AKARYAKIT ZAMMI KAPIDA
Gerçekten de dünya petrol fiyatları çok yüksek seyrediyor. Eylül ayının son günlerinde yapılan akaryakıt ve doğalgaz zammı, eylül ayı enflasyon rakamlarına yansımadı ama ekim ayı enflasyonunu etkileyecek. Ancak bu zamla yetinilemeyeceği anlaşılıyor. Bir müddet stoktan yiyebilirsiniz ama akaryakıtta yeni bir zam gereğinin doğduğu açık.
IMF’yle yeni stand-by anlaşmasının arefesinde, gereken zamların tutulamayacağı da ortada. Üstüne üstlük IMF’nin, bu yılki yüksek büyüme nedeniyle, faiz dışı fazlanın da yüksek olması gerektiğini, yani tasarrufların bile harcanmaması gerektiğini söylediğini biliyoruz. Yani akaryakıtın ÖTV’sinden fedakarlık edip, fiyatları sabit tutmak mümkün değil.
Yani önümüzdeki hafta bir akaryakıt zammı gelebilir. Dünya fiyatları böyle gittiği müddetçe, en geç ekim sonunda bu zammın yapılması kaçınılmaz olur.
Bu arada, elektrikte zam gerekirken, yeni indirimin maliyeti en az 300 trilyon lira olarak hesaplanıyor.
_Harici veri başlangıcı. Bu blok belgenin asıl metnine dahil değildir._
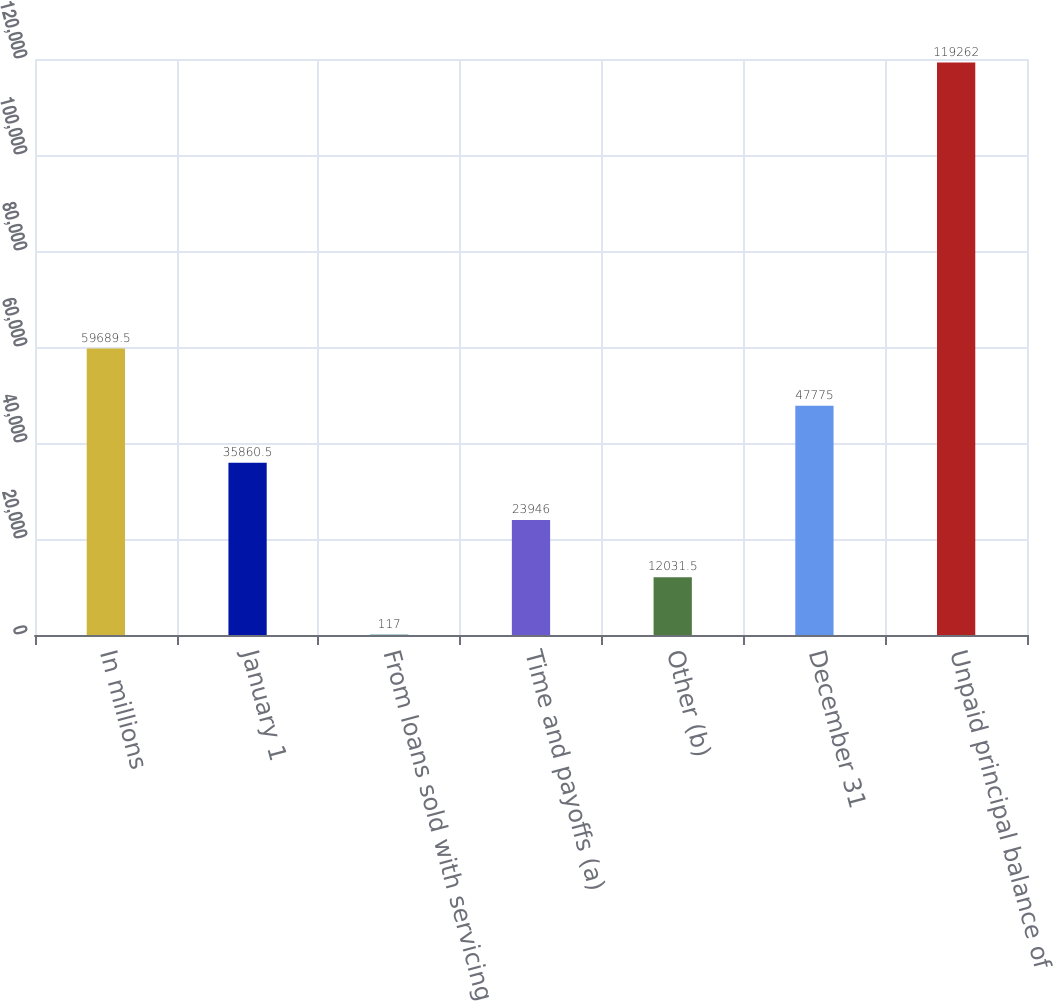<chart> <loc_0><loc_0><loc_500><loc_500><bar_chart><fcel>In millions<fcel>January 1<fcel>From loans sold with servicing<fcel>Time and payoffs (a)<fcel>Other (b)<fcel>December 31<fcel>Unpaid principal balance of<nl><fcel>59689.5<fcel>35860.5<fcel>117<fcel>23946<fcel>12031.5<fcel>47775<fcel>119262<nl></chart> 
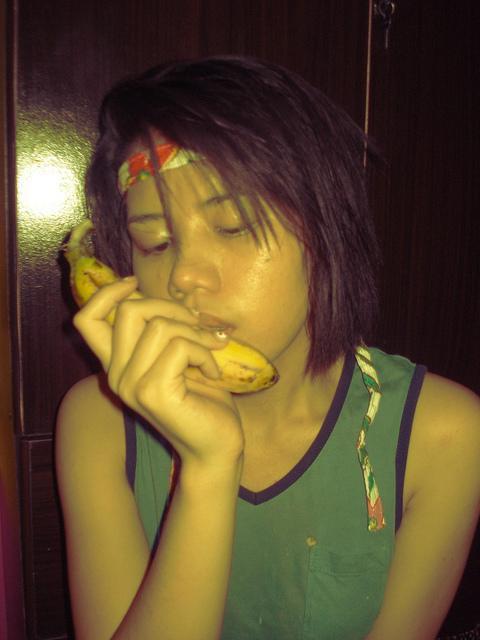How many bananas are visible?
Give a very brief answer. 1. 
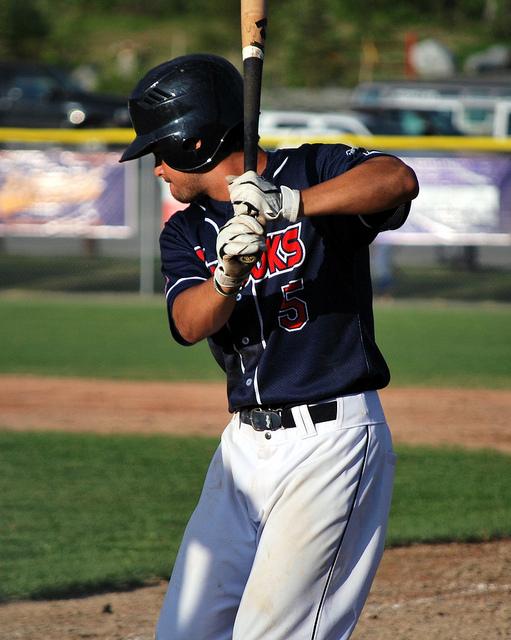What sport does the man play?
Give a very brief answer. Baseball. Is this the man's first time playing baseball?
Answer briefly. No. What number is on the man's shirt?
Keep it brief. 5. 
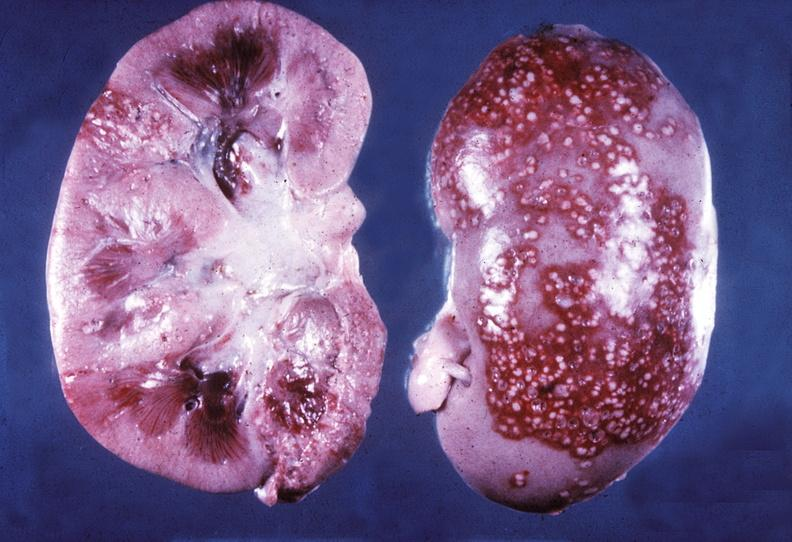does this image show kidney, pyelonephritis, acute?
Answer the question using a single word or phrase. Yes 
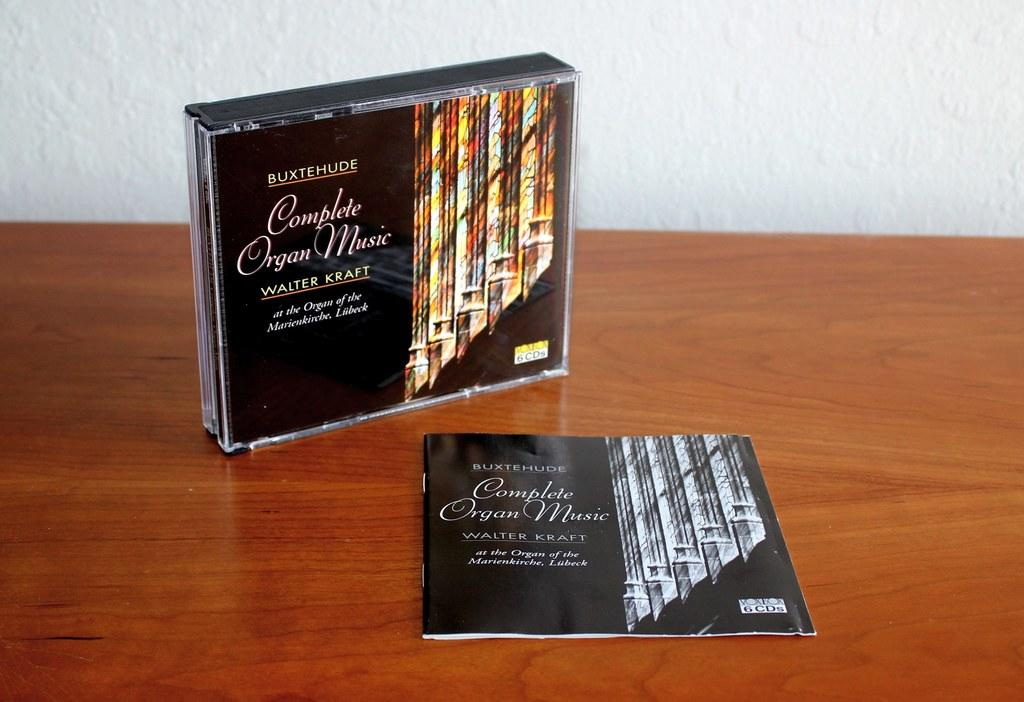<image>
Summarize the visual content of the image. The CD case and insert book for Complete Organ Music by Walter Kraft both sitting on a table.

Sizce, faiz dışı fazlanın yüzde 7’ye çıkarılmasını isteyen IMF, bu uygulamaya, daha doğrusu yeniden sübvansiyon döneminin açılmasına nasıl bakar?
Merkez Bankası da, ‘2005'te iç talep ve işgücü maliyetlerinin geçtiğimiz üç yıldaki kadar, enflasyonun düşmesine destek vermeyebileceği, yüksek petrol fiyatlarının enerji maliyetlerini artırarak hem cari işlemler, hem de enflasyon üzerinde baskı yaratabileceği, uluslar arası piyasalarda meydana gelebilecek likidite daralması ve faiz artışlarının kurlar üzerinde baskı yaratabileceği gibi risk faktörleri bulunmaktadır’ diyor.
Bu riskleri dengelemenin tek yolu ise ‘kaliteli bir bütçe disiplini’nden geçiyor. Yani AB, IMF derken işler kolaylaşıyor gibi gözüküyor ama tek haneli enflasyon zor iş.